To do> Only lines with the string "settings" are wanted. Pull them out of the data.
(Provided entries begins)
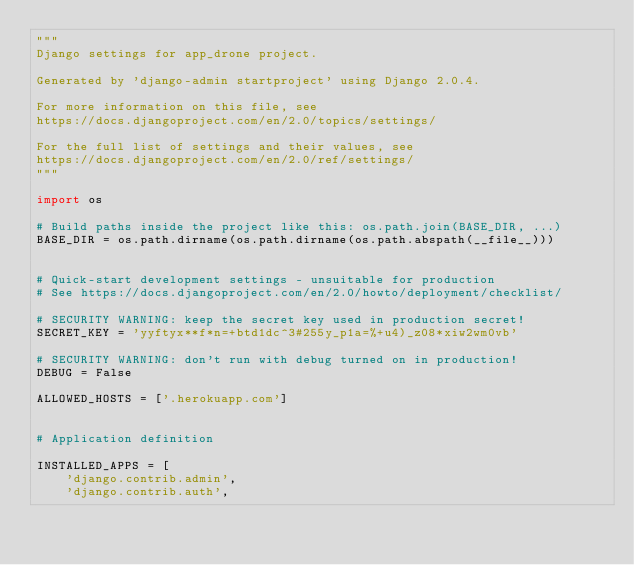<code> <loc_0><loc_0><loc_500><loc_500><_Python_>"""
Django settings for app_drone project.

Generated by 'django-admin startproject' using Django 2.0.4.

For more information on this file, see
https://docs.djangoproject.com/en/2.0/topics/settings/

For the full list of settings and their values, see
https://docs.djangoproject.com/en/2.0/ref/settings/
"""

import os

# Build paths inside the project like this: os.path.join(BASE_DIR, ...)
BASE_DIR = os.path.dirname(os.path.dirname(os.path.abspath(__file__)))


# Quick-start development settings - unsuitable for production
# See https://docs.djangoproject.com/en/2.0/howto/deployment/checklist/

# SECURITY WARNING: keep the secret key used in production secret!
SECRET_KEY = 'yyftyx**f*n=+btd1dc^3#255y_p1a=%+u4)_z08*xiw2wm0vb'

# SECURITY WARNING: don't run with debug turned on in production!
DEBUG = False

ALLOWED_HOSTS = ['.herokuapp.com']


# Application definition

INSTALLED_APPS = [
    'django.contrib.admin',
    'django.contrib.auth',</code> 
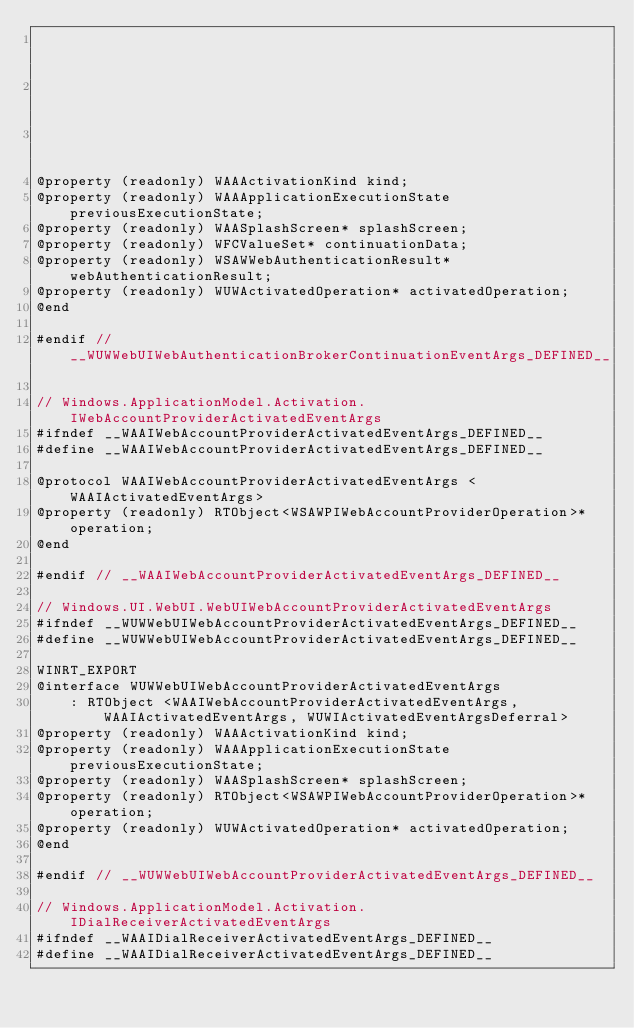Convert code to text. <code><loc_0><loc_0><loc_500><loc_500><_C_>                                                                            WAAIContinuationActivatedEventArgs,
                                                                            WAAIActivatedEventArgs,
                                                                            WUWIActivatedEventArgsDeferral>
@property (readonly) WAAActivationKind kind;
@property (readonly) WAAApplicationExecutionState previousExecutionState;
@property (readonly) WAASplashScreen* splashScreen;
@property (readonly) WFCValueSet* continuationData;
@property (readonly) WSAWWebAuthenticationResult* webAuthenticationResult;
@property (readonly) WUWActivatedOperation* activatedOperation;
@end

#endif // __WUWWebUIWebAuthenticationBrokerContinuationEventArgs_DEFINED__

// Windows.ApplicationModel.Activation.IWebAccountProviderActivatedEventArgs
#ifndef __WAAIWebAccountProviderActivatedEventArgs_DEFINED__
#define __WAAIWebAccountProviderActivatedEventArgs_DEFINED__

@protocol WAAIWebAccountProviderActivatedEventArgs <WAAIActivatedEventArgs>
@property (readonly) RTObject<WSAWPIWebAccountProviderOperation>* operation;
@end

#endif // __WAAIWebAccountProviderActivatedEventArgs_DEFINED__

// Windows.UI.WebUI.WebUIWebAccountProviderActivatedEventArgs
#ifndef __WUWWebUIWebAccountProviderActivatedEventArgs_DEFINED__
#define __WUWWebUIWebAccountProviderActivatedEventArgs_DEFINED__

WINRT_EXPORT
@interface WUWWebUIWebAccountProviderActivatedEventArgs
    : RTObject <WAAIWebAccountProviderActivatedEventArgs, WAAIActivatedEventArgs, WUWIActivatedEventArgsDeferral>
@property (readonly) WAAActivationKind kind;
@property (readonly) WAAApplicationExecutionState previousExecutionState;
@property (readonly) WAASplashScreen* splashScreen;
@property (readonly) RTObject<WSAWPIWebAccountProviderOperation>* operation;
@property (readonly) WUWActivatedOperation* activatedOperation;
@end

#endif // __WUWWebUIWebAccountProviderActivatedEventArgs_DEFINED__

// Windows.ApplicationModel.Activation.IDialReceiverActivatedEventArgs
#ifndef __WAAIDialReceiverActivatedEventArgs_DEFINED__
#define __WAAIDialReceiverActivatedEventArgs_DEFINED__
</code>
(Provided entries ends)
Output for this exercise>
Django settings for app_drone project.
https://docs.djangoproject.com/en/2.0/topics/settings/
For the full list of settings and their values, see
https://docs.djangoproject.com/en/2.0/ref/settings/
# Quick-start development settings - unsuitable for production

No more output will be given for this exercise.